American troops at the bridge following the fighting.



The East Towers of the Ludendorff Bridge today.



The West Towers of the Ludendorff Bridge today.



The Allied commanders estimated that saving the bridge shortened the war by about six months and probably prevented between 5,000 to 10,000 Allied casualties. Hugh Mott and his men were each awarded the Distinguished Service Cross (DSC), Mott being cited for his “unhesitating action and cool courage” in the face of direct enemy fire.

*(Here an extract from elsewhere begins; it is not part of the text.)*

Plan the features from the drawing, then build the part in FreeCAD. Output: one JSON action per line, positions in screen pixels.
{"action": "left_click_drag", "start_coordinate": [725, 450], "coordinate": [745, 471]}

After Remagen, the 9th Armored Division moved on to Limberg, Frankfurt, and Leipzig, and then pushed into Czechoslovakia before V-E Day. Mott remained with the occupation forces until June, 1946, when he was separated from active service and entered the Reserves with the rank of captain.

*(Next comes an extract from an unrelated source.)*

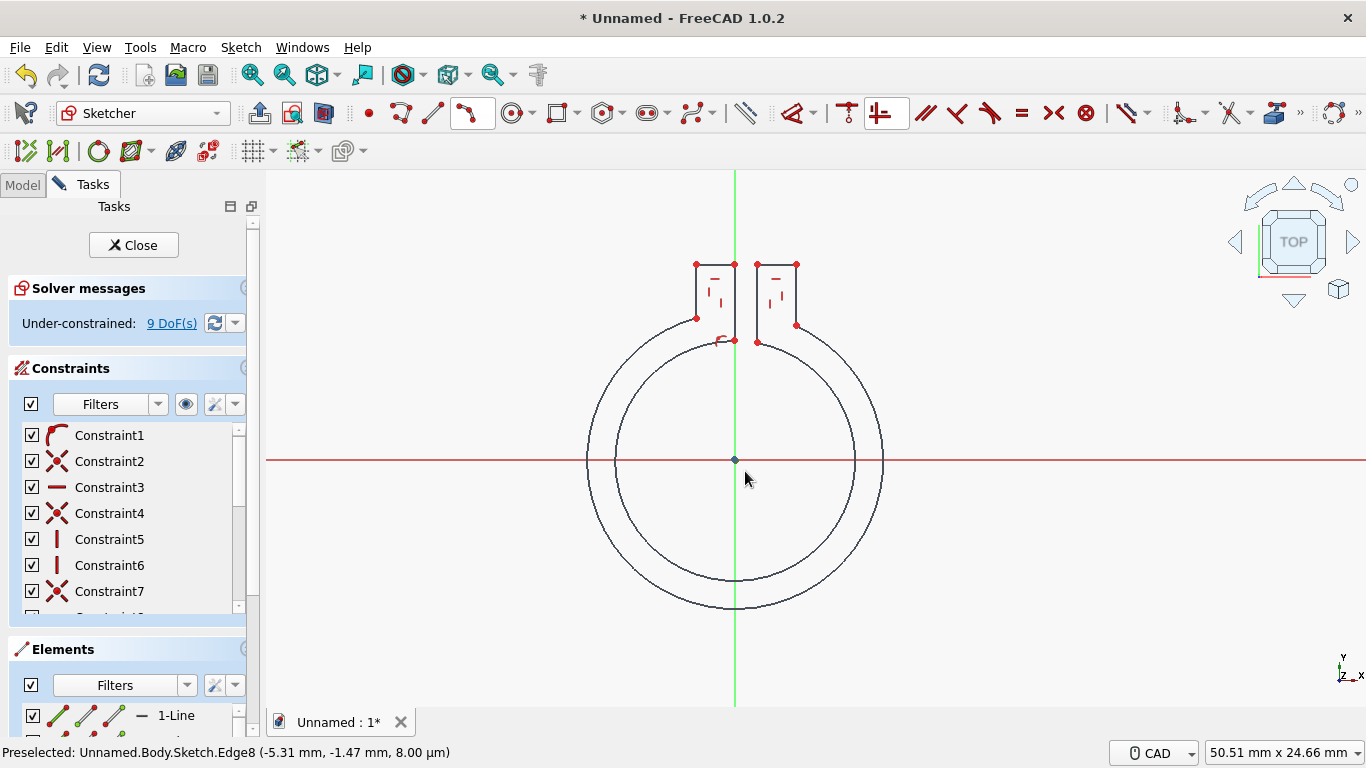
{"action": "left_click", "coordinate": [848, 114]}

Returning to Tennessee as a highly decorated and respected war hero, Hugh Mott won election to the Tennessee House of Representatives, serving from 1948 to 1951. Joining the Tennessee National Guard, he quickly rose through the ranks to major general and was named Adjutant General for the State of Tennessee in 1968, serving until 1971. He led the Guard in suppressing civil unrest in Nashville following the assassination of Dr. Martin Luther King in Memphis in 1968. Mott retired from service with the Tennessee National Guard in 1975.

Mott as commander of the 30th Armored Division in Tennessee in 1968.



MG Hugh B. Mott ’40 died in June, 2005, at the age of 84, following 33 years of service to his country and state. “Mott Hall” at the U.S. Army Engineer School at Fort Leonard Wood, Missouri, is named in his honor, as is the massive new headquarters of the Tennessee National Guard in Nashville.

Three views of the headquarters of the Tennessee National Guard in Nashville, still under construction.





Note: The Hollywood movie, The Bridge at Remagen, was released in 1969. It depicts a fictionalized version of actual events.